## Task description
Starting at the first line of the records and stopping at the line that contains "#5 van (200,194,208,202)", transcribe every line exactly and leave out the pictures.

## Records excerpted from a collection
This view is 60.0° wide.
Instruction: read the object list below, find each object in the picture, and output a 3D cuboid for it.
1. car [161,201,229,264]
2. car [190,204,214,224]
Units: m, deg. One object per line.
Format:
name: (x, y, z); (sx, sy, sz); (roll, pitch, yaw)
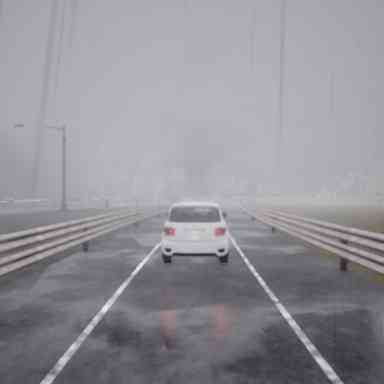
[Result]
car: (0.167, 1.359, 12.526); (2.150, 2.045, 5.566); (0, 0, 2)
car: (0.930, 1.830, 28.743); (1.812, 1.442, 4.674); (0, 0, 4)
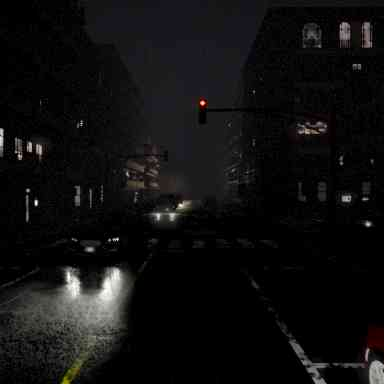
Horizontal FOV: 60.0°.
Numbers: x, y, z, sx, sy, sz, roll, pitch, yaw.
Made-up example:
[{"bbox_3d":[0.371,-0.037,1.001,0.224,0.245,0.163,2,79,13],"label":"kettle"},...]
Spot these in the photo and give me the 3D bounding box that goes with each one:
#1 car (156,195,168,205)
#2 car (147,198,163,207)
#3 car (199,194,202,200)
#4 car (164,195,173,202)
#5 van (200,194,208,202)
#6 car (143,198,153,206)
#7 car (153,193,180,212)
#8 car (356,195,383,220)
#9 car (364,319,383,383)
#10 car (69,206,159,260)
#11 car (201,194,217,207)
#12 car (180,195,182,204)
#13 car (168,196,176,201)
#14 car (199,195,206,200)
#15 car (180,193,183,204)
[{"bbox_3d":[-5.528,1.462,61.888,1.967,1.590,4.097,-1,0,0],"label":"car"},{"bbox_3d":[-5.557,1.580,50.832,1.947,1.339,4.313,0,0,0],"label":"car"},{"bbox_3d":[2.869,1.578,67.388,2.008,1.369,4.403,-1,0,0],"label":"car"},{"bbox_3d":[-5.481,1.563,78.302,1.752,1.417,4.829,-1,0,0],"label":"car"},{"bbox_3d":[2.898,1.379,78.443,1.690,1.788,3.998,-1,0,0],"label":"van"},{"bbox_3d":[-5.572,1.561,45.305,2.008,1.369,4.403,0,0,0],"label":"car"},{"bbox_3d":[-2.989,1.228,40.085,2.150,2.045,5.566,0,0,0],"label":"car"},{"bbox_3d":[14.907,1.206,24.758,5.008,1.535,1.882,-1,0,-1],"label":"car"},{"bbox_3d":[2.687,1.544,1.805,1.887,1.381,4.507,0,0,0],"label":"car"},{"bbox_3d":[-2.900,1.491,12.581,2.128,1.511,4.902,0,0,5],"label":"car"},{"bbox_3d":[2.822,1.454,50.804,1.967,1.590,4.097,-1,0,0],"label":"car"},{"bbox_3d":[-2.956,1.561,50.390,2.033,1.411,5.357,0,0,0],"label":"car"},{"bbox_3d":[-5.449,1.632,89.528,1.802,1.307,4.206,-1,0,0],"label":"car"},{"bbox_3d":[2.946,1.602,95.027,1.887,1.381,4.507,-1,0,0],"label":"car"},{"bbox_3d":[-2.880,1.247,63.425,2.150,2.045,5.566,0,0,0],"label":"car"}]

## Solution for this exercise
This view is 60.0° wide.
Instruction: read the object list below, find each object in the picture, and output a 3D cuboid for it.
1. car [161,201,229,264]
2. car [190,204,214,224]
Units: m, deg. One object per line.
Format:
name: (x, y, z); (sx, sy, sz); (roll, pitch, yaw)
[Result]
car: (0.167, 1.359, 12.526); (2.150, 2.045, 5.566); (0, 0, 2)
car: (0.930, 1.830, 28.743); (1.812, 1.442, 4.674); (0, 0, 4)
Horizontal FOV: 60.0°.
Numbers: x, y, z, sx, sy, sz, roll, pitch, yaw.
Made-up example:
[{"bbox_3d":[0.371,-0.037,1.001,0.224,0.245,0.163,2,79,13],"label":"kettle"},...]
Spot these in the photo and give me the 3D bounding box that goes with each one:
#1 car (156,195,168,205)
#2 car (147,198,163,207)
#3 car (199,194,202,200)
#4 car (164,195,173,202)
#5 van (200,194,208,202)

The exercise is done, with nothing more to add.